Friday, May 19, 2017

Vertebral Body Tethering for Scoliosis

Since the first description of spinal fusions for the treatment of scoliosis over 100 years ago, there have been significant advancements in the surgical technique, which have led to improved fusion rates, lower complication frequency, greater three-dimensional correction of the deformity and more rapid postoperative recovery.  However, spine fusions mean fewer motion segments (less spine motion) which may lead to lower function in high-level physical activity (e.g. competitive athletics) and greater chance for spine arthritis. Hence preservation of spinal motion, particularly in the low back, is a highly attractive goal.  The desire to maintain spine motion has fueled the development of various growth modulation procedures, whose goals are correct the spinal deformity and maintain motion (without fusion).  One of these promising techniques which has gained traction in the last 10 years is vertebral body tethering (VBT).

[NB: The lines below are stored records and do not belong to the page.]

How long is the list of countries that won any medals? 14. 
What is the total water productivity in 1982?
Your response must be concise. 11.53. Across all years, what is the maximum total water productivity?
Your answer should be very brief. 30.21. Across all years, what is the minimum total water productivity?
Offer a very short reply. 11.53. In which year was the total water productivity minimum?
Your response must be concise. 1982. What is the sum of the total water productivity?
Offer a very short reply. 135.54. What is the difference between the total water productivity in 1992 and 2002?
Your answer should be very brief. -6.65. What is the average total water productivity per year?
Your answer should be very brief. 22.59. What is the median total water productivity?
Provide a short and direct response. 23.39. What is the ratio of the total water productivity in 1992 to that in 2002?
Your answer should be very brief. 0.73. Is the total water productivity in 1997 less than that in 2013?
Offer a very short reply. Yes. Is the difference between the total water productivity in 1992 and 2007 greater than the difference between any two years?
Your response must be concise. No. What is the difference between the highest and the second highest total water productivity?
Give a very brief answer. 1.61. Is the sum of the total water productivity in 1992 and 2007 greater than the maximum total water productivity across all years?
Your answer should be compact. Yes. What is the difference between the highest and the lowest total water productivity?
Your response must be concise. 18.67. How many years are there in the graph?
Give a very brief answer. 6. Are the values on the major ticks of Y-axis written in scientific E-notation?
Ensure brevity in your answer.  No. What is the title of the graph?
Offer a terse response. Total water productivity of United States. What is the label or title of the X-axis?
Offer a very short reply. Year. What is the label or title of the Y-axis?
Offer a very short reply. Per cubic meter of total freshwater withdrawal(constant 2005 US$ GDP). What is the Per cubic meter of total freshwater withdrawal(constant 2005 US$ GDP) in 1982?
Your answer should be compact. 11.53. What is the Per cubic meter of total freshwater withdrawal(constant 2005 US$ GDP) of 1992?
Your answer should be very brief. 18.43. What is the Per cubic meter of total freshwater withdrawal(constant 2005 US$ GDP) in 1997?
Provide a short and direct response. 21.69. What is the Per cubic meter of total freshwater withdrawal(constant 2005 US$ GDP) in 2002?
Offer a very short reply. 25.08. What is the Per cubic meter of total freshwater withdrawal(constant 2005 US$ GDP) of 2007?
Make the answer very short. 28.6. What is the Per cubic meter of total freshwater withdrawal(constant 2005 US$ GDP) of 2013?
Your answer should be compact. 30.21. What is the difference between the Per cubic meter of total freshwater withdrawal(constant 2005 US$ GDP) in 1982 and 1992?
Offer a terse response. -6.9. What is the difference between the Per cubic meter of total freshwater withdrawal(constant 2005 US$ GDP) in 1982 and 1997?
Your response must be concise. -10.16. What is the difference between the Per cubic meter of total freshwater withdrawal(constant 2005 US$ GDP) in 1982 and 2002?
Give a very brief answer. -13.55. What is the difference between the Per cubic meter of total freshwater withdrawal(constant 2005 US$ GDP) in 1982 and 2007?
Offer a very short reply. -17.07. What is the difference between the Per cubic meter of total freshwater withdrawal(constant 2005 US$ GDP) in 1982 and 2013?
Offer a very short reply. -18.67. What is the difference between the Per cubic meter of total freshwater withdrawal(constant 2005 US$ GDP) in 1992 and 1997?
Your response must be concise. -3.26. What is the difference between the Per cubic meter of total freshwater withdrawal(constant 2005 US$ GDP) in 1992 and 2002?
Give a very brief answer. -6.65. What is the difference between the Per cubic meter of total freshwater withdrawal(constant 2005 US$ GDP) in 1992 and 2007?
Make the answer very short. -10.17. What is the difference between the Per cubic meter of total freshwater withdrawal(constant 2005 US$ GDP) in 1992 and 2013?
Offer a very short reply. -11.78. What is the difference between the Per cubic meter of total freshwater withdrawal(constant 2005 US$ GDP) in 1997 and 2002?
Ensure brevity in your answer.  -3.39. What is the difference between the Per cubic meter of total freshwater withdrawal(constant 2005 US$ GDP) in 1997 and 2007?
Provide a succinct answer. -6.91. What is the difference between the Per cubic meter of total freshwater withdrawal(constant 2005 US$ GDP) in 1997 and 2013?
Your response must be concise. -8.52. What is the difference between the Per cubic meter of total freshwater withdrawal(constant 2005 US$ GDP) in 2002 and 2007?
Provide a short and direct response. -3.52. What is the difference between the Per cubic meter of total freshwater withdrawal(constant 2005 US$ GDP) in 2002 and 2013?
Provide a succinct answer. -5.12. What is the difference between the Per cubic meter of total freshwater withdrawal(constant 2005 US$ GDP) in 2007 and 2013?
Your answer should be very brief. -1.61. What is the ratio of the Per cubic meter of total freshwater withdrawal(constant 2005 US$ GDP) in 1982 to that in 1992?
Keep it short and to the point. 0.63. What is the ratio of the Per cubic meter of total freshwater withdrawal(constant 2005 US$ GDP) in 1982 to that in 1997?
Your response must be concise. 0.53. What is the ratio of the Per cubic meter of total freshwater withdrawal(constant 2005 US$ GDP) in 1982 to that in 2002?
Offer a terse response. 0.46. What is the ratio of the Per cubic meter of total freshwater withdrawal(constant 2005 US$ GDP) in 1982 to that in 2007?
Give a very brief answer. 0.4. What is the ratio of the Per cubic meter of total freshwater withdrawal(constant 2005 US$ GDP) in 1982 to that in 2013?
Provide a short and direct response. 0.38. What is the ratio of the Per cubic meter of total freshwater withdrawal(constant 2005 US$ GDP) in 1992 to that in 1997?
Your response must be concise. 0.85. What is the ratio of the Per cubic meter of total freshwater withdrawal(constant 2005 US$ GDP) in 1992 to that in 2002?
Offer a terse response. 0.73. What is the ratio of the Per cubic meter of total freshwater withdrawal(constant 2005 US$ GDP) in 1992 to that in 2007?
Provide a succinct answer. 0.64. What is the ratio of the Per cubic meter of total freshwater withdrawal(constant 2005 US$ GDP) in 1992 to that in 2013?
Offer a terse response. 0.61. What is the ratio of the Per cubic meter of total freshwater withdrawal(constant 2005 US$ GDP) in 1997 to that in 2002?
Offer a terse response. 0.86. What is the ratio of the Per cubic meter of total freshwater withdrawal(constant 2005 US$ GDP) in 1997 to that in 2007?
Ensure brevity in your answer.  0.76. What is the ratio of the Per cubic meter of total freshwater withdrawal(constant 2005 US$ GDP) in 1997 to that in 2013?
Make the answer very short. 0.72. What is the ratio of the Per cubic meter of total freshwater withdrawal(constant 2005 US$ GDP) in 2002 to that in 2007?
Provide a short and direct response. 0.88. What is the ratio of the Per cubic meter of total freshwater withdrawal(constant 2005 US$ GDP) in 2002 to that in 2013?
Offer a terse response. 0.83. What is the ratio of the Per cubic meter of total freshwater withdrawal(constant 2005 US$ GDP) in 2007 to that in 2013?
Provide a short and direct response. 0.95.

The concept of VBT in scoliosis is to alter the relative vertebral growth (right vs. left) of the front of the spine.  This is accomplished by relative slowing the vertical growth on the convex side (by tensioning of the tether) with unloading of the concave side of the vertebra, to permit greater growth.  In order for growth modulation to occur the spine need to have enough spinal growth remaining.    

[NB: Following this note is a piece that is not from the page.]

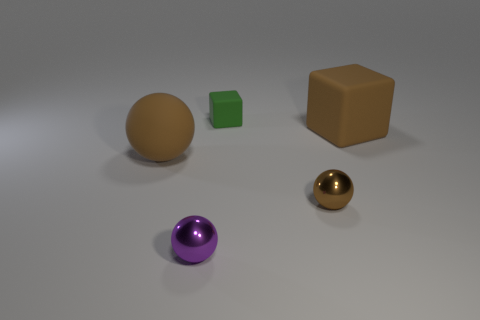Subtract all tiny shiny balls. How many balls are left? 1 Subtract all purple spheres. How many spheres are left? 2 Subtract all cubes. How many objects are left? 3 Add 1 large brown metal things. How many objects exist? 6 Add 1 large brown matte cubes. How many large brown matte cubes exist? 2 Subtract 1 brown cubes. How many objects are left? 4 Subtract 1 blocks. How many blocks are left? 1 Subtract all yellow spheres. Subtract all yellow blocks. How many spheres are left? 3 Subtract all cyan balls. How many green cubes are left? 1 Subtract all big gray shiny spheres. Subtract all brown blocks. How many objects are left? 4 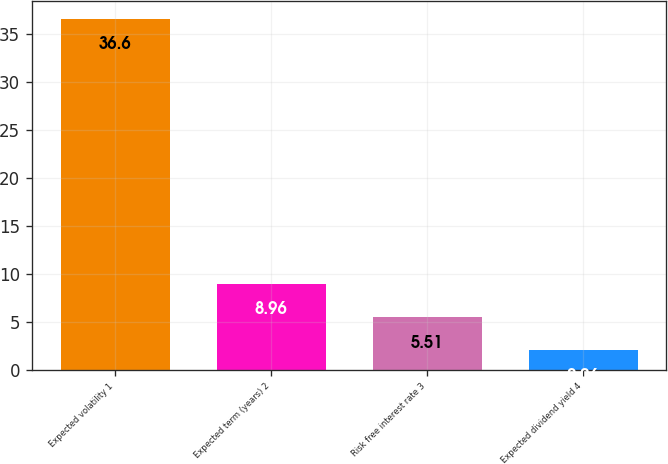<chart> <loc_0><loc_0><loc_500><loc_500><bar_chart><fcel>Expected volatility 1<fcel>Expected term (years) 2<fcel>Risk free interest rate 3<fcel>Expected dividend yield 4<nl><fcel>36.6<fcel>8.96<fcel>5.51<fcel>2.06<nl></chart>

 This is a patient 4 days after VBT
At present in 2017 there is no FDA-approved devices for use in the U.S. in a nonfusion, growth-modulation technique in a skeletally immature patients.  This means the use of this tether system to the children and adolescents is in an “off-label” manner. 

Studies on VBT in animal models have demonstrated proof of concept that tethering of the immature spine can alter its growth.  The first description of VBT use in humans was a case report in 2010.  Reports of VBT use in children/adolescents have been encouraging with a low frequency of complications.  At present there is limited data available on the use of VBT in skeletally-immature patients with scoliosis.